Produkte, die mit einer Förderung der Gesundheit beworben werden, müssen eine solche Gesundheitsförderung auch tatsächlich bewirken. Ansonsten droht eine Irreführung der Verbraucher und ein unbilliger Vorteil für den Werbenden, der keinen Vorteil auf dem Markt haben soll, indem er seinen Produkten Wirkungen zuspricht, die in Wirklichkeit gar nicht eintreten. Gleichzeitig soll die Gesundheit der Konsumenten geschützt und bewahrt werden.

An die Richtigkeit, Eindeutigkeit und Klarheit von gesundheitsbezogenen Werbeanzeigen werden von der Rechtsprechung daher besonders hohe Anforderungen gestellt (BGH, Urteil vom 06.02.2013, Az. I ZR 62/11; LG Berlin, Urteil vom 28.04.2021, Az. 97 O 31/21).

Diese werden beispielsweise nicht erfüllt, wenn mit Aussagen geworben wird, die sich nicht auf wissenschaftliche Erkenntnisse stützen lassen (BGH, Urteil vom 06.02.2013, Az.
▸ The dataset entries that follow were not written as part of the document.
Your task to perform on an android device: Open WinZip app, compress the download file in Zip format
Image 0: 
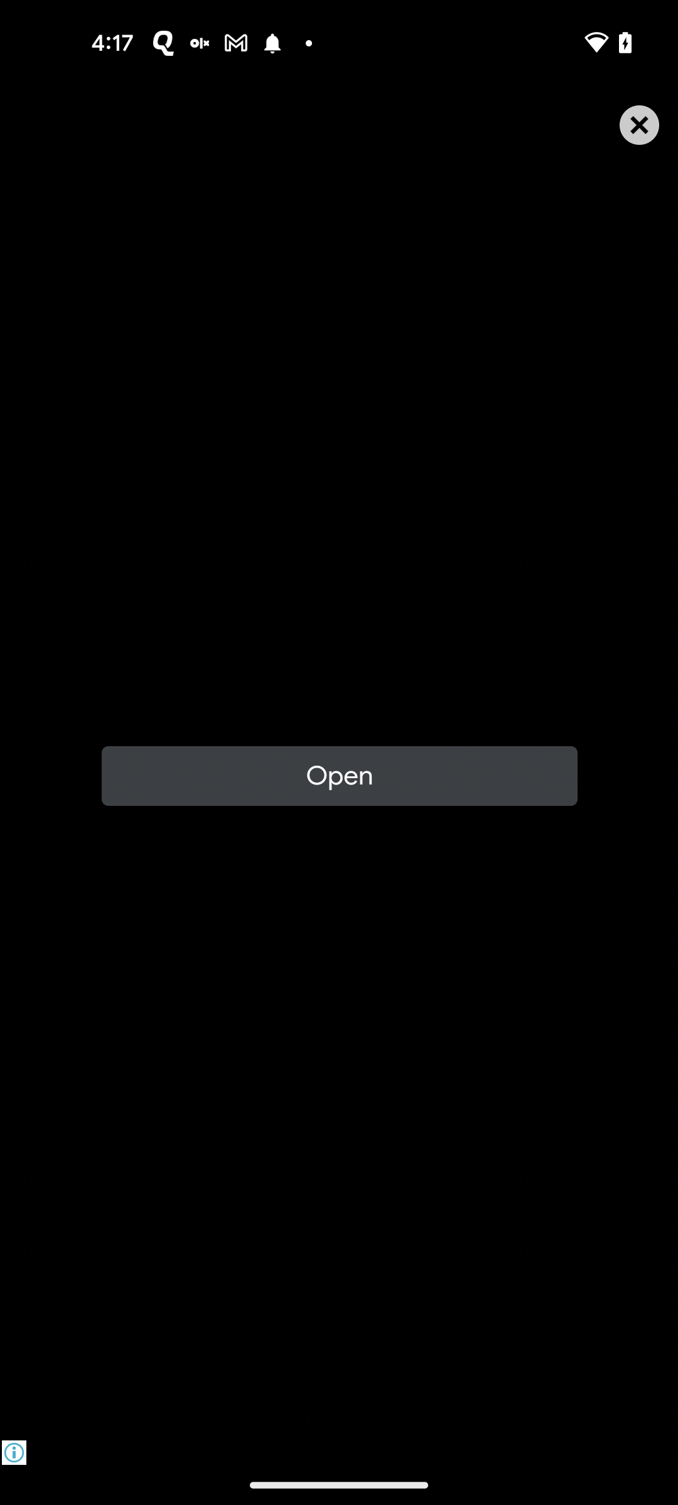
Open WinZip app
Step 0: open app "WinZip"
Image 1: 
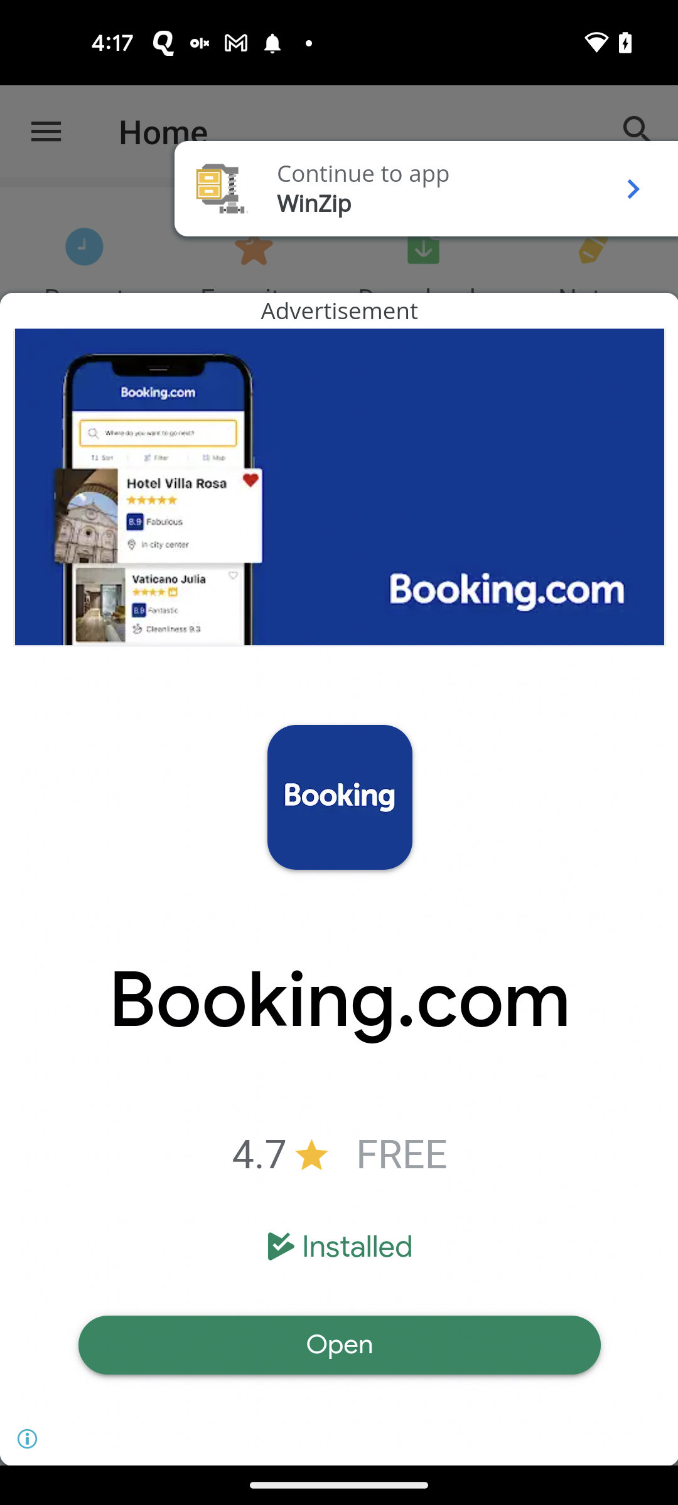
Click on the Continue to app option
Step 1: click (400, 184)
Image 2: 
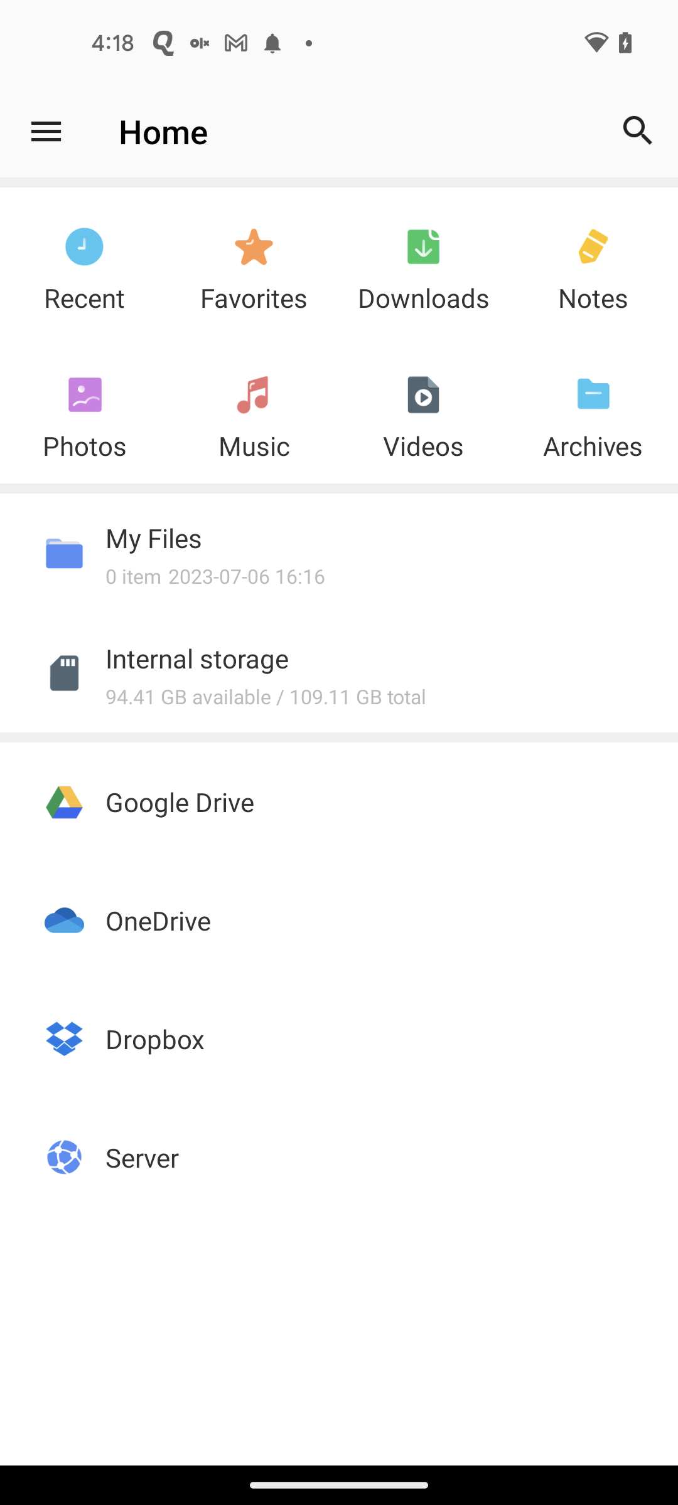
Go to the Internal storage
Step 2: click (266, 702)
Image 3: 
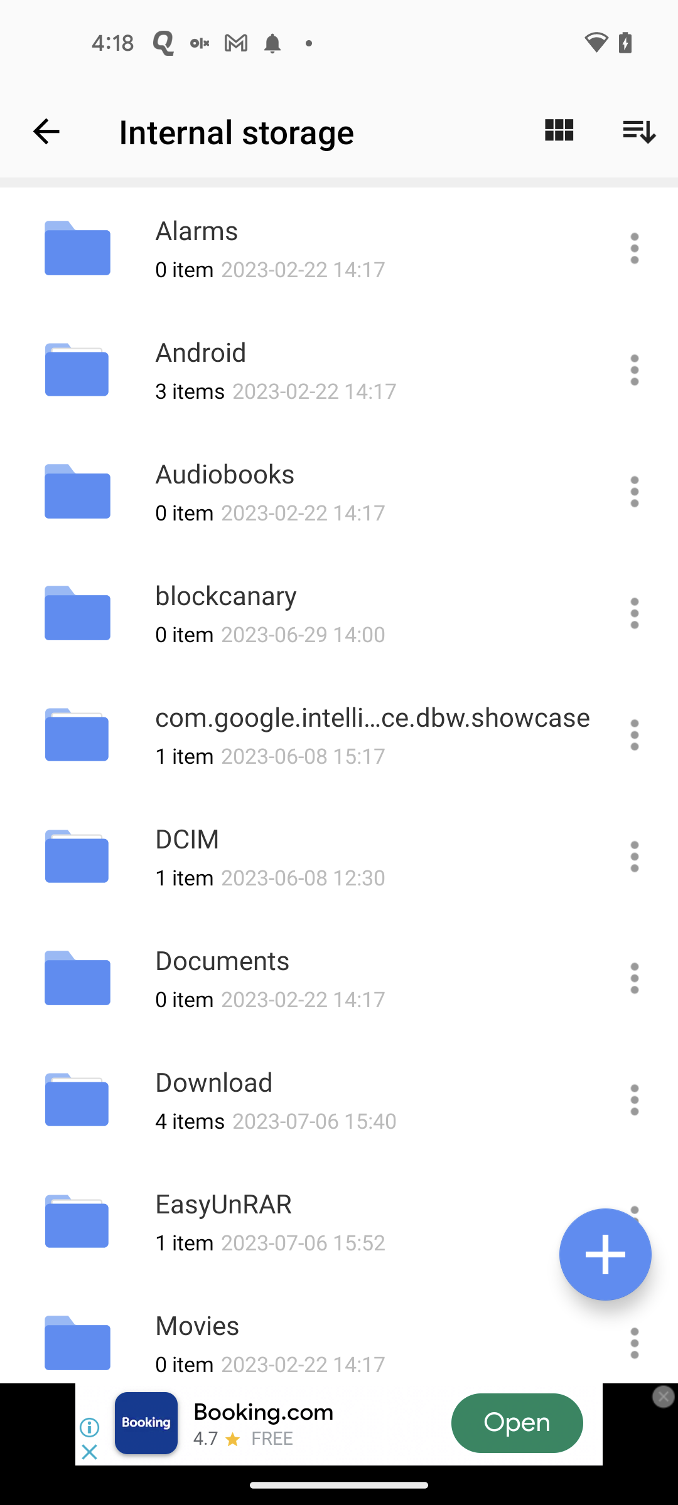
Click on the Three dots icon in front of the download file
Step 3: click (633, 1097)
Image 4: 
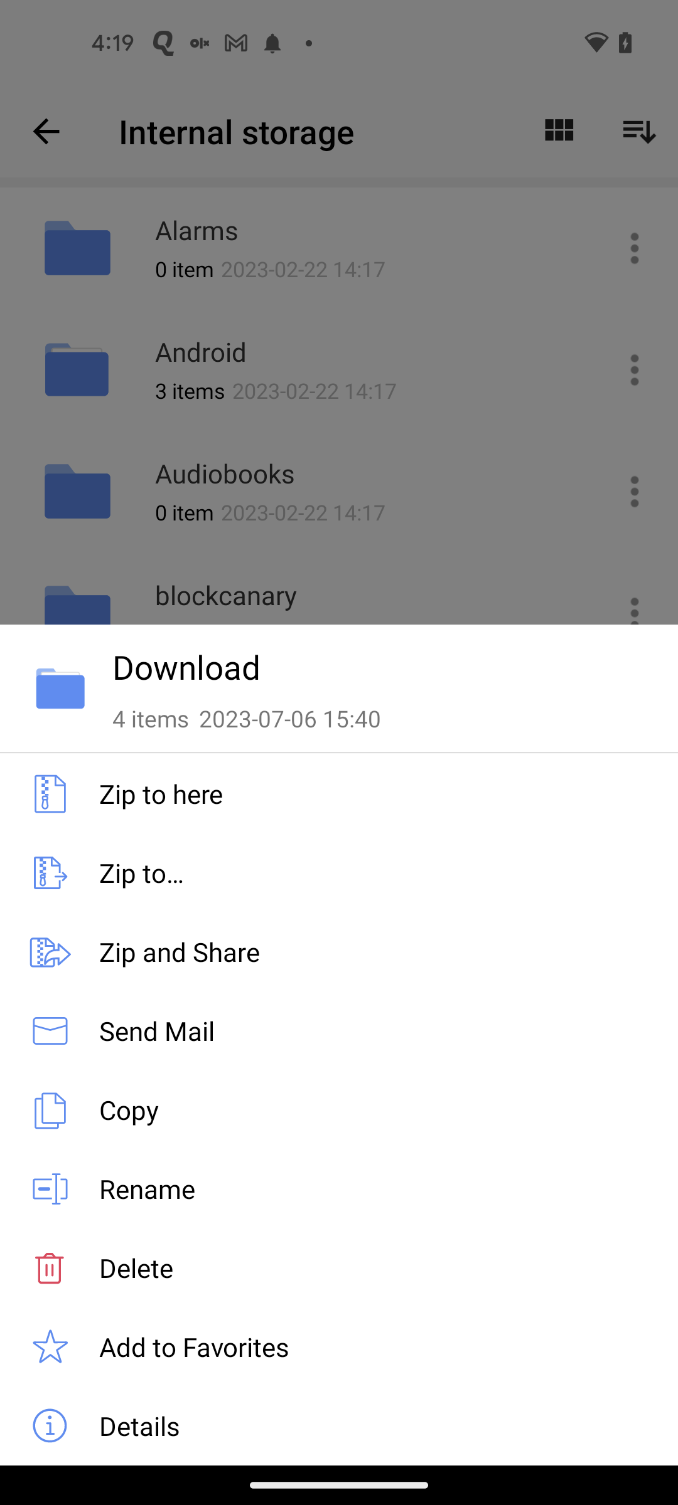
Click on the Zip to here option
Step 4: click (161, 793)
Image 5: 
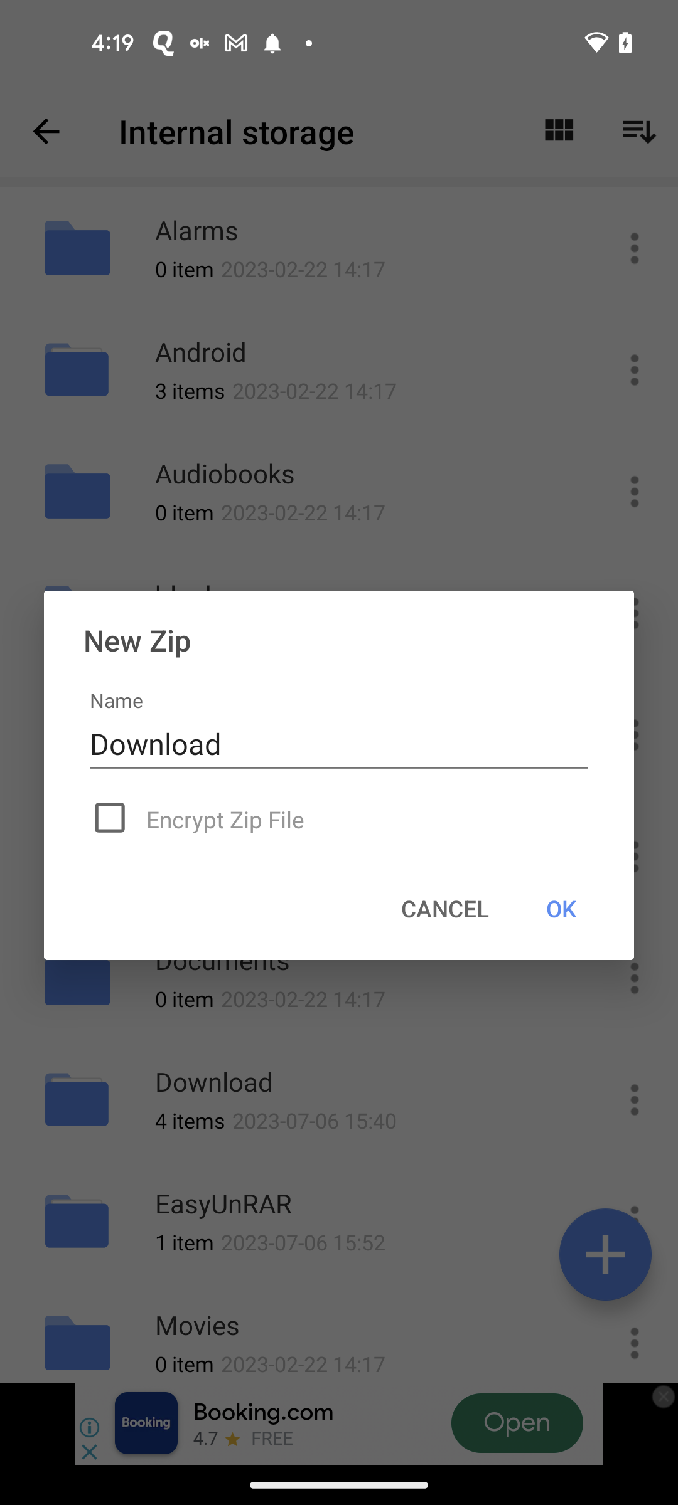
Click on the OK option
Step 5: click (561, 908)
Image 6: 
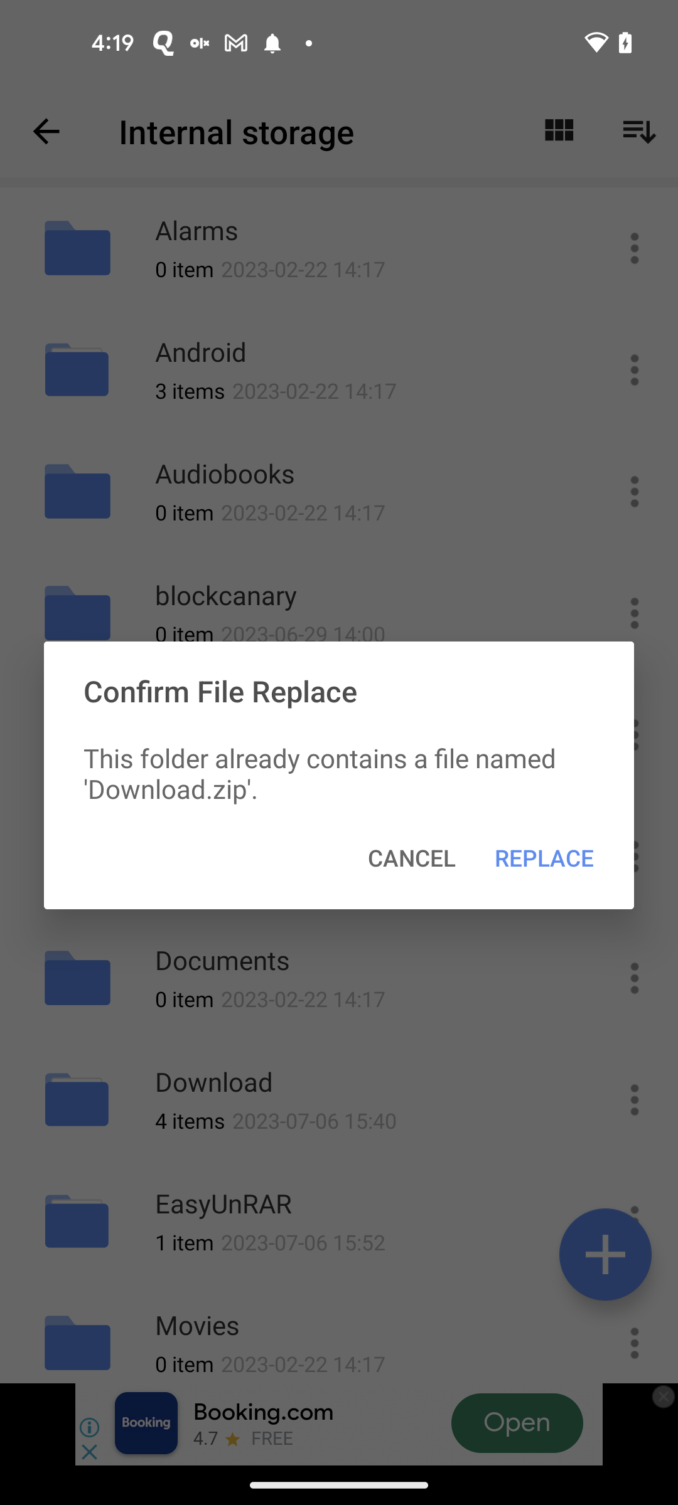
Click on the Replace option
Step 6: click (544, 857)

I ZR 62/11). Der Stand der Wissenschaft, auf den sich die gesundheitsbezogene Aussage stützt, muss bereits zum Zeitpunkt der Werbung dokumentiert sein. Ein nachträglich eingeholtes Gutachten reicht nicht aus, um den Vorwurf zu entkräften, dass die Werbeaussage nicht auf wissenschaftlichen Erkenntnissen beruhte (LG Kempten, Urteil vom 20.04.2023, Az. 1 HK O 149/22). Unzulässig ist es auch, mit einer fachlich umstrittenen Meinung zu werben, ohne die Gegenmeinung zu erwähnen (BGH, Urteil vom 07.03.1991, Az. I ZR 127/89). Wer so wirbt, übernimmt als Werbender die Verantwortung dafür, dass seine Angaben objektiv richtig sind, was er beweisen können muss (LG Kempten, Urteil vom 20.04.2023, Az. 1 HK O 149/22). Auch unspezifische Behauptungen können unzulässig sein, beispielsweise, dass ein bestimmter Inhaltsstoff dem Körper guttut, ohne dass diese Wirkung näher eingegrenzt wird (LG Köln, Urteil vom 15.12.2020, Az. 31 O 73/20).

Für bestimmte Produktkategorien existieren spezielle Gesetze, die sich mit der Regulierung von gesundheitsbezogener Werbung befassen. So gilt für Arzneimittel das Heilmittelwerbegesetz (HWG). Lebensmittel, die eine gesundheitsfördernde Wirkung haben sollen, fallen unter die Health-Claims-Verordnung (HCVO). Produktunabhängig ist das Gesetz gegen den unlauteren Wettbewerb (UWG) zu beachten.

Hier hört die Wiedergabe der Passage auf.